A zombie apocalypse is one thing. A volcanic eruption is quite another, for, as the journalist who does a framing voice-over narration for Brooks’ latest puts it, when Mount Rainier popped its cork, “it was the psychological aspect, the hyperbole-fueled hysteria that had ended up killing the most people.” Maybe, but the sasquatches whom the volcano displaced contributed to the statistics, too, if only out of self-defense.
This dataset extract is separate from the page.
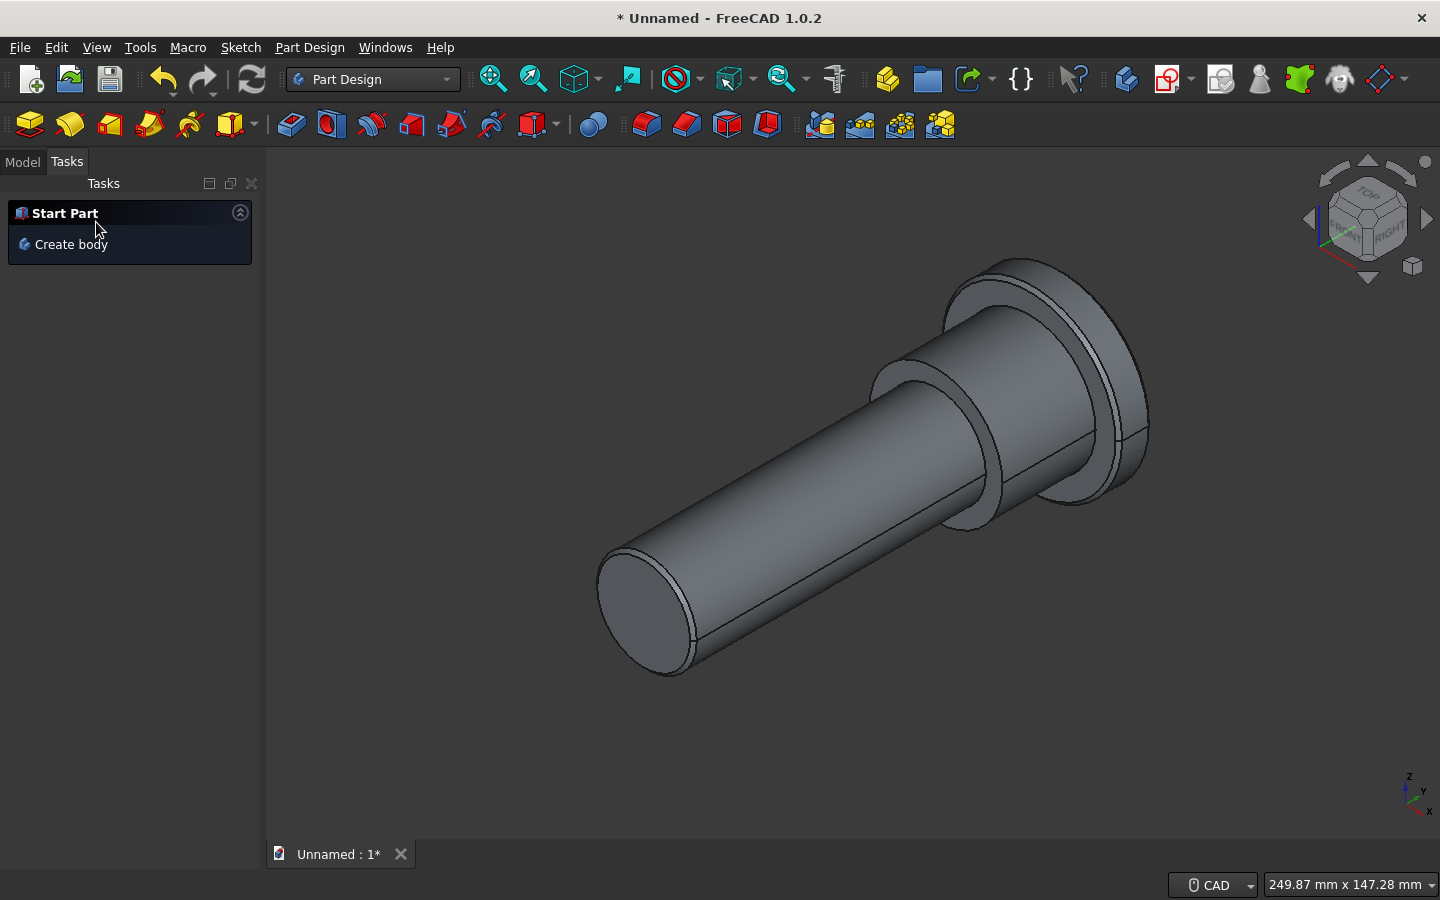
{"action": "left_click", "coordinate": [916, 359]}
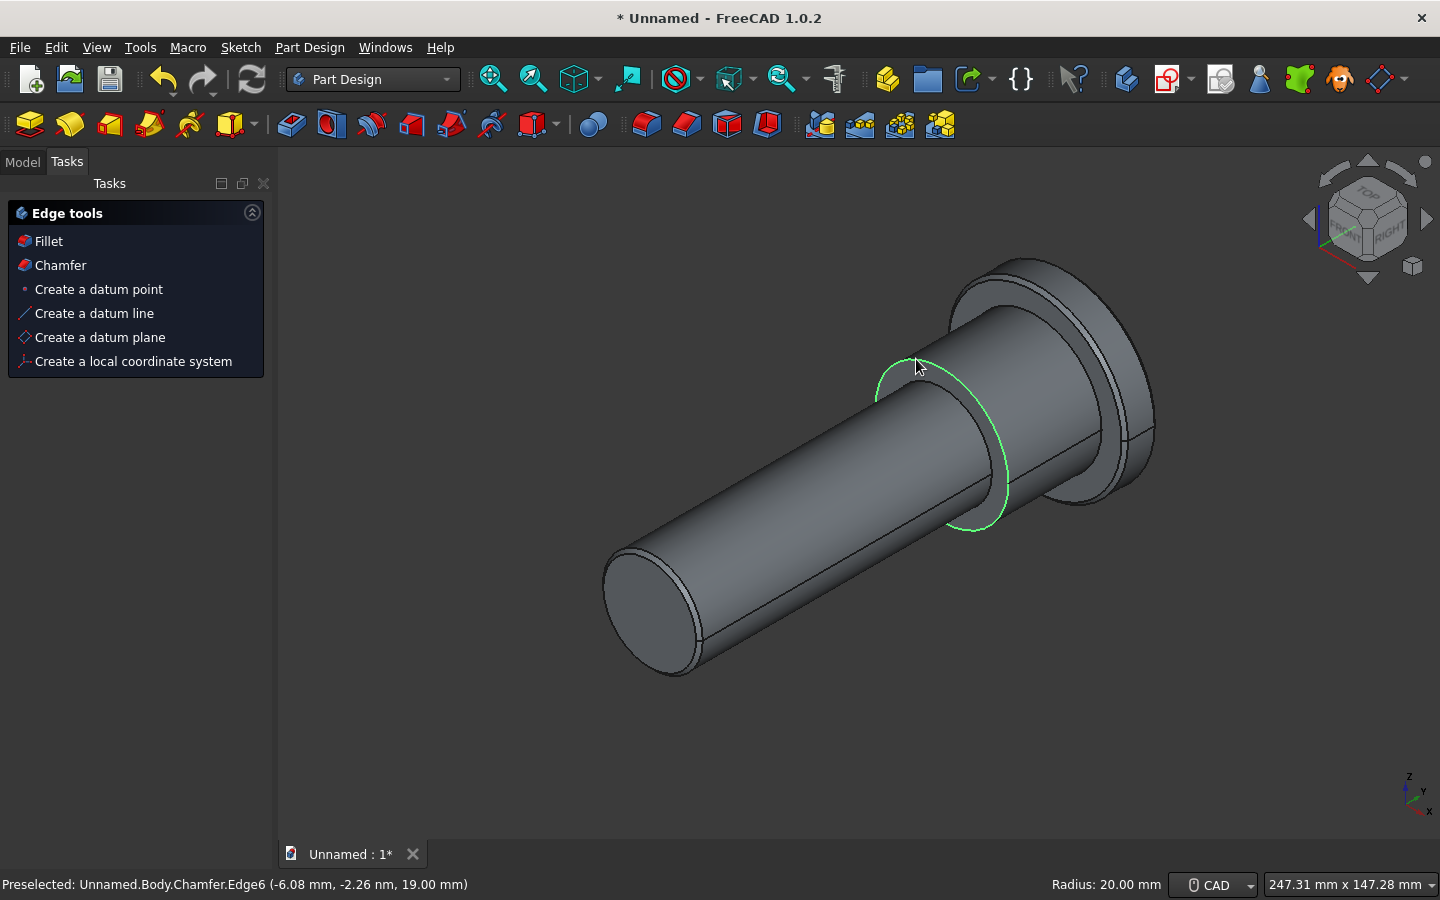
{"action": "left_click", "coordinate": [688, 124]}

Brooks places the epicenter of the Bigfoot war in a high-tech hideaway populated by the kind of people you might find in a Jurassic Park franchise: the schmo who doesn’t know how to do much of anything but tries anyway, the well-intentioned bleeding heart, the know-it-all intellectual who turns out to know the wrong things, the immigrant with a tough backstory and an instinct for survival. Indeed, the novel does double duty as a survival manual, packed full of good advice—for instance, try not to get wounded, for “injury turns you from a giver to a taker. Taking up our resources, our time to care for you.” Brooks presents a case for making room for Bigfoot in the world while peppering his narrative with timely social criticism about bad behavior on the human side of the conflict: The explosion of Rainier might have been better forecast had the president not slashed the budget of the U.S. Geological Survey, leading to “immediate suspension of the National Volcano Early Warning System,” and there’s always someone around looking to monetize the natural disaster and the sasquatch-y onslaught that follows. Brooks is a pro at building suspense even if it plays out in some rather spectacularly yucky episodes, one involving a short spear that takes its name from “the sucking sound of pulling it out of the dead man’s heart and lungs.” Grossness aside, it puts you right there on the scene.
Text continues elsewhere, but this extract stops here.